Problem to work on: This exercise requires an exact copy of each line from the one containing "Same task for the lunch bag." down to the last line below.

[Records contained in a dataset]
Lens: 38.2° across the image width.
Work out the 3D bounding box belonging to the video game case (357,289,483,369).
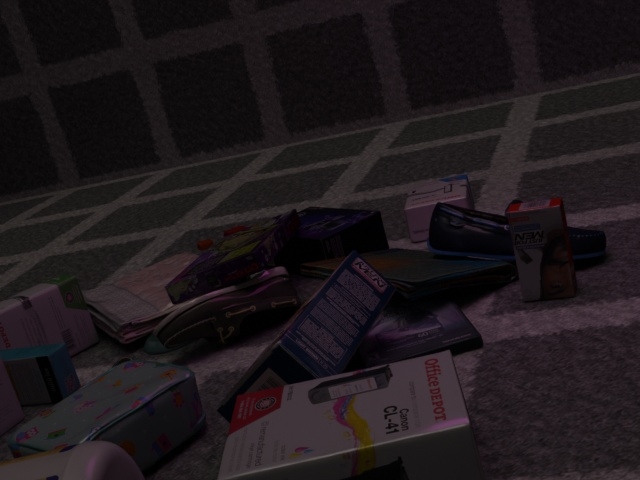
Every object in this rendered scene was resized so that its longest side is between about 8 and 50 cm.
[{"bbox_3d":[0.153,0.154,1.622,0.196,0.026,0.274,-16,17,-2],"label":"video game case"}]

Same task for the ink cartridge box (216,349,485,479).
[{"bbox_3d":[0.041,0.265,1.166,0.306,0.131,0.226,-15,16,6],"label":"ink cartridge box"}]

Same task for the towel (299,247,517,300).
[{"bbox_3d":[0.164,0.060,1.811,0.271,0.040,0.370,-8,8,-33],"label":"towel"}]

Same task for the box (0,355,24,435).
[{"bbox_3d":[-0.715,0.208,1.651,0.215,0.345,0.168,-5,19,32],"label":"box"}]

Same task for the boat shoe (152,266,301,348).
[{"bbox_3d":[-0.177,0.145,1.802,0.305,0.091,0.109,-22,-17,-29],"label":"boat shoe"}]

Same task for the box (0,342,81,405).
[{"bbox_3d":[-0.593,0.264,1.790,0.244,0.100,0.060,-8,17,22],"label":"box"}]

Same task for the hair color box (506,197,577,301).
[{"bbox_3d":[0.387,0.017,1.607,0.093,0.167,0.053,-8,17,22],"label":"hair color box"}]

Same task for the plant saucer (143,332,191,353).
[{"bbox_3d":[-0.309,0.197,1.898,0.119,0.021,0.119,-13,16,4],"label":"plant saucer"}]

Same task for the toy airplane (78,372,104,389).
[{"bbox_3d":[-0.388,0.264,1.734,0.151,0.028,0.151,-13,17,4],"label":"toy airplane"}]

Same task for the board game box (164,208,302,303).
[{"bbox_3d":[-0.174,0.028,1.946,0.208,0.056,0.347,-17,12,17],"label":"board game box"}]

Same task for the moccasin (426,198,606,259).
[{"bbox_3d":[0.368,-0.023,1.764,0.342,0.116,0.138,2,4,19],"label":"moccasin"}]

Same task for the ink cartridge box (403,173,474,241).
[{"bbox_3d":[0.281,-0.078,2.163,0.148,0.086,0.203,-11,16,12],"label":"ink cartridge box"}]

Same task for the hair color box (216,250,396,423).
[{"bbox_3d":[-0.013,0.164,1.455,0.174,0.105,0.347,-48,-1,29],"label":"hair color box"}]

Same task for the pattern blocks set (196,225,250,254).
[{"bbox_3d":[-0.179,0.000,2.376,0.285,0.026,0.325,-5,11,23],"label":"pattern blocks set"}]

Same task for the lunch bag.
[{"bbox_3d":[-0.331,0.292,1.451,0.224,0.108,0.279,-4,19,42],"label":"lunch bag"}]

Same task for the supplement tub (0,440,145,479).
[{"bbox_3d":[-0.358,0.365,0.996,0.331,0.241,0.241,-14,16,5],"label":"supplement tub"}]

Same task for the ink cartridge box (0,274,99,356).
[{"bbox_3d":[-0.601,0.187,1.947,0.219,0.160,0.093,-28,19,-38],"label":"ink cartridge box"}]

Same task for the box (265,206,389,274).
[{"bbox_3d":[0.000,0.000,2.139,0.184,0.103,0.261,-24,18,-35],"label":"box"}]

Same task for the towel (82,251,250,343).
[{"bbox_3d":[-0.363,0.115,2.079,0.317,0.053,0.332,-24,20,-27],"label":"towel"}]

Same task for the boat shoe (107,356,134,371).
[{"bbox_3d":[-0.368,0.256,1.659,0.056,0.049,0.152,4,34,7],"label":"boat shoe"}]

Task result:
Same task for the lunch bag.
[{"bbox_3d":[-0.331,0.292,1.451,0.224,0.108,0.279,-4,19,42],"label":"lunch bag"}]

Same task for the supplement tub (0,440,145,479).
[{"bbox_3d":[-0.358,0.365,0.996,0.331,0.241,0.241,-14,16,5],"label":"supplement tub"}]

Same task for the ink cartridge box (0,274,99,356).
[{"bbox_3d":[-0.601,0.187,1.947,0.219,0.160,0.093,-28,19,-38],"label":"ink cartridge box"}]

Same task for the box (265,206,389,274).
[{"bbox_3d":[0.000,0.000,2.139,0.184,0.103,0.261,-24,18,-35],"label":"box"}]

Same task for the towel (82,251,250,343).
[{"bbox_3d":[-0.363,0.115,2.079,0.317,0.053,0.332,-24,20,-27],"label":"towel"}]

Same task for the boat shoe (107,356,134,371).
[{"bbox_3d":[-0.368,0.256,1.659,0.056,0.049,0.152,4,34,7],"label":"boat shoe"}]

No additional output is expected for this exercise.